2811 sayılı Toplu iş Sözleşmesi Grev ve Lokavt Kanunu’nda yapılan değişiklikle
şu hüküm getirildi: “Bakanlık; yetkili sendikanın belirlenmesinde ve
istatistiklerin düzenlenmesinde, 1/8/2010 tarihinden itibaren kendisine
gönderilen üyelik ve istifa bildirimleri ile Sosyal Güvenlik Kurumuna yapılan
işçi bildirimlerini esas alır. Bu tarihe kadar Bakanlıkça yayımlanmış bulunan
en son işçi ve üye istatistikleri geçerlidir.” Böylece şu anda gerçeği
yansıtmayan sendikal istatistikler gerçek işçi sayısına göre açıklanacak. Ancak
hükümetin bir türlü kaldırmadığı yüzde 10 işkolu barajı nedeniyle yeni istatistik
yöntemi çok sayıda sendikanın barajın altına düşmesine ve bir sendikal kaosa
yol açabilecek.
Hükümet istatistiklerin yayınlanmasını bir kez daha erteleyebilir veya işkolu
barajını kaldıran bir düzenlemeyi KHK yoluyla yapabilir bir diğer seçenek ise
bakanlığın istatistikleri eski veya yeni yönteme göre açıklaması. Hükümet
sendikal alanda büyük bir kaosu önlemek için yüzde 10 barajını hemen
kaldırmalıdır.
4688’de oldu bittiye dikkat
Eylül 2010 tarihinde Anayasanın 53. Maddesinde yapılan değişiklikler kamu
görevlilerine grevsiz (zorunlu tahkimli) toplu sözleşme hakkı tanınmıştı. Bu
değişikliğin sakıncalarını defalarca bu köşede vurgulamıştım. Ancak bu kısıtlı
ve sorunlu değişikliğin uyum yasası aradan 10 ay geçmesine rağmen halen
çıkarılmış değil. Bakanlık 4688’de kimi değişiklikler öngören düzenlemeyi
taraflara sundu. Bugünlerde 4688 değişikliklerinin gündeme gelmesi bekleniyor.

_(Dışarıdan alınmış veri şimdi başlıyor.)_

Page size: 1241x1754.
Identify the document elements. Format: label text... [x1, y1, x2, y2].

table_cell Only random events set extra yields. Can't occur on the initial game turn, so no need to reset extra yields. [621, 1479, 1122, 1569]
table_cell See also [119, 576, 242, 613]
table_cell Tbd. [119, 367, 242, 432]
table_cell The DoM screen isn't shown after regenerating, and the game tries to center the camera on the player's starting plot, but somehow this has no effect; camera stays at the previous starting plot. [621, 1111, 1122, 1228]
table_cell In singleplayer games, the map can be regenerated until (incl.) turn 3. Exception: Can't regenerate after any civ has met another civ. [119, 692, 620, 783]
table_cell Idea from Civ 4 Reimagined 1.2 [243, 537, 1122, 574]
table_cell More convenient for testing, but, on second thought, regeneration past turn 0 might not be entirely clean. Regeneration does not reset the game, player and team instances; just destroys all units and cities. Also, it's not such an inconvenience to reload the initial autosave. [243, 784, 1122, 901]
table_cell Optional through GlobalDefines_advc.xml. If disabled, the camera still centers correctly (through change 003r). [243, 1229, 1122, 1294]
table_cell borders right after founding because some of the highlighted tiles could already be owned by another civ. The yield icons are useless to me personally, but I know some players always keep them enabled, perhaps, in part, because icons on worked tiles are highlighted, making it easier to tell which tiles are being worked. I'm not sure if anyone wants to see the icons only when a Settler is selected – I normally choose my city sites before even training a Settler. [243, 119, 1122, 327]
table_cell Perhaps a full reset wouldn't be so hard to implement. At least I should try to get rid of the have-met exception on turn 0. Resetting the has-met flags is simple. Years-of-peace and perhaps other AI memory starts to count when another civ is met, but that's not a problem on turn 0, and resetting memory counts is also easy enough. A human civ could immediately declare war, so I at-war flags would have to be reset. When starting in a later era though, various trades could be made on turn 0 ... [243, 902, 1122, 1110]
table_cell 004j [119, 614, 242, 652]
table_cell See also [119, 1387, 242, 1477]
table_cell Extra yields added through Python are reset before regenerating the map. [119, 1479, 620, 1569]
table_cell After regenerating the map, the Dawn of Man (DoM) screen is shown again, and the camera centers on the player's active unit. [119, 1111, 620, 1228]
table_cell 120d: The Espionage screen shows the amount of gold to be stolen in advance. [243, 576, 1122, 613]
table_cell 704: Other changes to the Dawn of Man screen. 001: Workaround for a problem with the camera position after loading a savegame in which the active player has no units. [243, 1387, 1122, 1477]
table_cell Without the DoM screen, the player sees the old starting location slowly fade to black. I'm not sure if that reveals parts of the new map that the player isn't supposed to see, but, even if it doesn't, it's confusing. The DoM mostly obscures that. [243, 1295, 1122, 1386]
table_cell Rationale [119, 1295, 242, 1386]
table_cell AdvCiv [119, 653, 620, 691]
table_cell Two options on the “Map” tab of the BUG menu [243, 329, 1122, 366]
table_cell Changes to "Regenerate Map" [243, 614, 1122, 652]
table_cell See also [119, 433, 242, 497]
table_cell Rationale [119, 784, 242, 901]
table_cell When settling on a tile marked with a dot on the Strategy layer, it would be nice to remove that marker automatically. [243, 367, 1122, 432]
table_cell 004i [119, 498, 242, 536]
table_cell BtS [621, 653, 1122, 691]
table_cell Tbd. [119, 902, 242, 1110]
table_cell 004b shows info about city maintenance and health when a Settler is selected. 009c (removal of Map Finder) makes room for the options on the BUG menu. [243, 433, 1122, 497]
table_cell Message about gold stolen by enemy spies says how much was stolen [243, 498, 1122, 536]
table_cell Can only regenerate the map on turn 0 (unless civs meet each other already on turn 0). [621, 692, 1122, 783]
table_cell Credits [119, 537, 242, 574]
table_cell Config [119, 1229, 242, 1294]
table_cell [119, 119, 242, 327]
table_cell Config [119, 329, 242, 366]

Meclisin yaz tatiline girecek olması nedeniyle bu değişikliklerin Kanun
Hükmünde Kararname ile yapılması söz konusu olabilir.
Ancak garip olan kamu çalışanları açısından yaşamsal bir konu olan 4688 sayılı
yasa değişikliklerine ilişkin tartışmaların büyük bir sessizlik içinde
yürütülmesi. Kamu çalışma düzenini ve kamu görevlilerinin haklarını yakından
ilgilendiren bu konu kamuoyuna açık biçimde tartışılmıyor. Sendikal örgütler bu
konunun şeffaf biçimde tartışılmasını sağlamıyor. Tersine adeta teknik bir
müzakereye indirgiyor.
Kamu çalışanlarının sendikal haklarına ilişkin çok önemli bir yasal düzenleme
gündemde ancak bu konuda kamuoyu oluşturma çabası yok. Oysa bu konu aceleye
getirilmemeli ve kapsamlı biçimde tartışılması, konu etrafında kamuoyu oluşması
sağlanmalı. Toplu sözleşmenin kapsamında neler olacak, müzakereye katılacak
yetkili sendikalar nasıl belirlenecek, Kamu Görevlileri Hakem Kurulu’nun (KGHK)
yapısı nasıl olacak, toplu sözleşme kimleri kapsayacak, toplu sözleşmeden
yararlanmak için dayanışma aidatı zorunluluğu olacak mı gibi sorular ortada
duruyor.
Edindiğim bilgilere göre KGHK’nın 10 üyeden oluşması öngörülüyor ve bunların
sadece üçü sendikaları temsil ediyor. Öte yandan dayanışma aidatı konusu
belirsizliğini koruyor. Toplu sözleşmeden yararlanma için dayanışma aidatı
zorunluluğu anti-demokratik bir uygulama olacaktır. Böyle bir uygulama sadece
çoğunluk sendikasına haksız fon sağlamak anlamına gelir. Ve bir köşe yazısına
sığmayacak pek çok başka sorun var taslakta.
Kamu çalışanları sendikaları ve özellikle ILO normlarına uygun bir yasada
ısrarlı olan KESK bir oldubittiye karşı çıkmalı ve 4688 sayılı yasa değişikliklerinin
kapsamlı bir biçimde tartışılmasını, KHK ile değil yasa ile düzenlenmesini
savunmalıdır. 4688’de yangından mal kaçırır gibi yapılacak değişiklere karşı
çıkılmalı ve uluslararası normlarda ısrar edilmelidir.